• Your goal
If a line in the listing below includes the word "listed", pick it out.

• Task input
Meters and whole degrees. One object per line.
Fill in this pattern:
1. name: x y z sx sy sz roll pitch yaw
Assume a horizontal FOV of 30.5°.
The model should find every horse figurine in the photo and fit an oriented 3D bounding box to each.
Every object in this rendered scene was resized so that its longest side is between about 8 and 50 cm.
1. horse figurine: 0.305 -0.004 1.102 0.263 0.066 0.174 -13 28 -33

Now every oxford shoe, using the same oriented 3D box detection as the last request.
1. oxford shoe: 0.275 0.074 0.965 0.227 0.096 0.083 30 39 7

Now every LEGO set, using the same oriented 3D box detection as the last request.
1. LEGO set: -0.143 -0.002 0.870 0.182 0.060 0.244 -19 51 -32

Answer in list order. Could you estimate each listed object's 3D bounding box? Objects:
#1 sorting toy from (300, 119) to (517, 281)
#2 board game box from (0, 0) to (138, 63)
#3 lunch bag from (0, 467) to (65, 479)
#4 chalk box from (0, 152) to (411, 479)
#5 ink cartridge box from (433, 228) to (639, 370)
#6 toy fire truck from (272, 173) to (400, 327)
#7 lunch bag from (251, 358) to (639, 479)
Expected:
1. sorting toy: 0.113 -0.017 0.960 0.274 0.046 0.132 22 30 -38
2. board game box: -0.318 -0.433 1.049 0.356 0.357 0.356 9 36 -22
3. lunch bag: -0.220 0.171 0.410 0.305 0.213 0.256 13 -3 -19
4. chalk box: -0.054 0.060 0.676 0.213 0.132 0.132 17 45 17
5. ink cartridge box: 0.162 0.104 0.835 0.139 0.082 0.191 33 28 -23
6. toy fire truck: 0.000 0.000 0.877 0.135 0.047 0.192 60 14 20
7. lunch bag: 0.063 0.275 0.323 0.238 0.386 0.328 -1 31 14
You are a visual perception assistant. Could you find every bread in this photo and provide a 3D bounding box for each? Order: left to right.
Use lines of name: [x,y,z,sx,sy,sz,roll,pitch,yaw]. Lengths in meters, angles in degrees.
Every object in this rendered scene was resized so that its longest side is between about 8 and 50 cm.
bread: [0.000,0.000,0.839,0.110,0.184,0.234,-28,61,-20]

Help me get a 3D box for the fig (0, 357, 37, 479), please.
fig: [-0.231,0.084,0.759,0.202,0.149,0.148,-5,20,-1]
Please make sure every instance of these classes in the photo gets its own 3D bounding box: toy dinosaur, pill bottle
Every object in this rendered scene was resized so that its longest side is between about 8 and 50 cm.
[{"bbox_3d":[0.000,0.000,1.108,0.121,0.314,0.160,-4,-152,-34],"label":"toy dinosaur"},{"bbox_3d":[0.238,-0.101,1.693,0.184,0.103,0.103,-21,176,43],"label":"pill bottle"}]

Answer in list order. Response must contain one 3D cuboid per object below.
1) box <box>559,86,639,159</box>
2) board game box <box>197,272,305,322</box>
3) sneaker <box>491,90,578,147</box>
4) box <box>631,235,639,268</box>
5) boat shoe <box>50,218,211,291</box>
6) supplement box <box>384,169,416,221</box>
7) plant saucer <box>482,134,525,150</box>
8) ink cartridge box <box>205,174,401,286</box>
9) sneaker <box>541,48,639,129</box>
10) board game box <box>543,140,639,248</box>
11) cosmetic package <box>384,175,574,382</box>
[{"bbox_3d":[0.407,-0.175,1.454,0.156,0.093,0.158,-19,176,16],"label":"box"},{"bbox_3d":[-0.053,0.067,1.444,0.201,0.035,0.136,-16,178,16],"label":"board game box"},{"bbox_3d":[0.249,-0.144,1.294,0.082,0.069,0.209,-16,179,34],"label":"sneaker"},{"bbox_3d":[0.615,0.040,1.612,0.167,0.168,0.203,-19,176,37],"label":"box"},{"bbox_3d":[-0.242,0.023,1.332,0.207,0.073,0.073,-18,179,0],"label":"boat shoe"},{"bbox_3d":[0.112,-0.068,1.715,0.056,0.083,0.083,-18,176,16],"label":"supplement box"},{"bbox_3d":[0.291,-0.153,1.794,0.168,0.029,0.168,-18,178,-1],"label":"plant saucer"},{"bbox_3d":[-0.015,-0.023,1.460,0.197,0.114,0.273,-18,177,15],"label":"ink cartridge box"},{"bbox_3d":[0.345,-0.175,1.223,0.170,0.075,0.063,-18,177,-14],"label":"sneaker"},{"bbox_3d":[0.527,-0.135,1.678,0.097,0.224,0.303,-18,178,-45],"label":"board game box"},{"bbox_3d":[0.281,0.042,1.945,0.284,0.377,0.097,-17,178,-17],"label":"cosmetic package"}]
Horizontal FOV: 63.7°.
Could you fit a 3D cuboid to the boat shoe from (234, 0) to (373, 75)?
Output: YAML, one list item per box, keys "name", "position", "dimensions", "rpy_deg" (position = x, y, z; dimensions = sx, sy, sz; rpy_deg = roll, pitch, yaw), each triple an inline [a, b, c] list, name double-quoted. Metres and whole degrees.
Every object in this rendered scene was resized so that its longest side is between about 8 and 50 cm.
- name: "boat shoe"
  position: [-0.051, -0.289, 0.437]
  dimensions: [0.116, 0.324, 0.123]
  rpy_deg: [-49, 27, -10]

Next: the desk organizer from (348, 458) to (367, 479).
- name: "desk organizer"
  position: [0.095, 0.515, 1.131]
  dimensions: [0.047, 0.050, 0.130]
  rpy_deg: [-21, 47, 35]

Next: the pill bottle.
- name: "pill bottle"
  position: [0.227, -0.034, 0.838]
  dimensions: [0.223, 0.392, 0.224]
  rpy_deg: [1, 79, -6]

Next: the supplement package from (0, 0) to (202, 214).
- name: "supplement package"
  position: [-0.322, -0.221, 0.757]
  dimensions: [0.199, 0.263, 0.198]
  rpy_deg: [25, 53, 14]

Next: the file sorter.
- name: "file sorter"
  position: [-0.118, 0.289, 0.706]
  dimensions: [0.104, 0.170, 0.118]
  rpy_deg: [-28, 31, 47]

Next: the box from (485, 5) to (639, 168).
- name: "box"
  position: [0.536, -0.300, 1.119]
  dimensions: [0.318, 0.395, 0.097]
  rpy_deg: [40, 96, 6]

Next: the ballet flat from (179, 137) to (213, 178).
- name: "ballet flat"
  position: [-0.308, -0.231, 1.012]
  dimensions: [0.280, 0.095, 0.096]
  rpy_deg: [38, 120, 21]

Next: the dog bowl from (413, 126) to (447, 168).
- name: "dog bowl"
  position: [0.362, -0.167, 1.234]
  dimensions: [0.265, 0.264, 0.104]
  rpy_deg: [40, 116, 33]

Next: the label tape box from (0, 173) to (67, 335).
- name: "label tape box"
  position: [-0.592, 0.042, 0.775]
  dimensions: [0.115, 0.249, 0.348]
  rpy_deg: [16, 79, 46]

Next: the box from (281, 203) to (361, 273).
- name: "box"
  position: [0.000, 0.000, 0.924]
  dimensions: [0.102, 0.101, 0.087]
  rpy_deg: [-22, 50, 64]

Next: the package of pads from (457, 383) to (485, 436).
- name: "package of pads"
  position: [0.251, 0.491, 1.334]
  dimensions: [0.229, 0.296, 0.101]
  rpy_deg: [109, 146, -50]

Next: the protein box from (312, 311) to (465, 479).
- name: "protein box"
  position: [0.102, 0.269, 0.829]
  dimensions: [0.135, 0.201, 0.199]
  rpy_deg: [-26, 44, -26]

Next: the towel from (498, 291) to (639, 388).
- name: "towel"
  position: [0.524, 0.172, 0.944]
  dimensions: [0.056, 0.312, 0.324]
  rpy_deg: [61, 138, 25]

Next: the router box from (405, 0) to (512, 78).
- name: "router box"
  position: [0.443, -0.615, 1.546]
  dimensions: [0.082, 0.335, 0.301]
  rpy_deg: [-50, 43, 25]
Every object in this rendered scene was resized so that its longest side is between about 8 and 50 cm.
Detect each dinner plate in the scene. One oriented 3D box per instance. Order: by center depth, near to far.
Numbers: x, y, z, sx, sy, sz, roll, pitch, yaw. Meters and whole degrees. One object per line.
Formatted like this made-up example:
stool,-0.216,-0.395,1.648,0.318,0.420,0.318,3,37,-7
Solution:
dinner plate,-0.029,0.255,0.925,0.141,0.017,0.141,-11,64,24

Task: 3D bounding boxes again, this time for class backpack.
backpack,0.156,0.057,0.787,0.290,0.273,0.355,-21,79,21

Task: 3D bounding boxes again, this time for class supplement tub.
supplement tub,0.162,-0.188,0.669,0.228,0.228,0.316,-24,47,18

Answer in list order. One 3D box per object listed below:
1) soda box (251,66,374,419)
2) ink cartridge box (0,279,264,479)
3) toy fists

• The completed task
Answer in list order. Could you estimate each listed object's 3D bounding box? Objects:
Answer in list order. One 3D box per object listed below:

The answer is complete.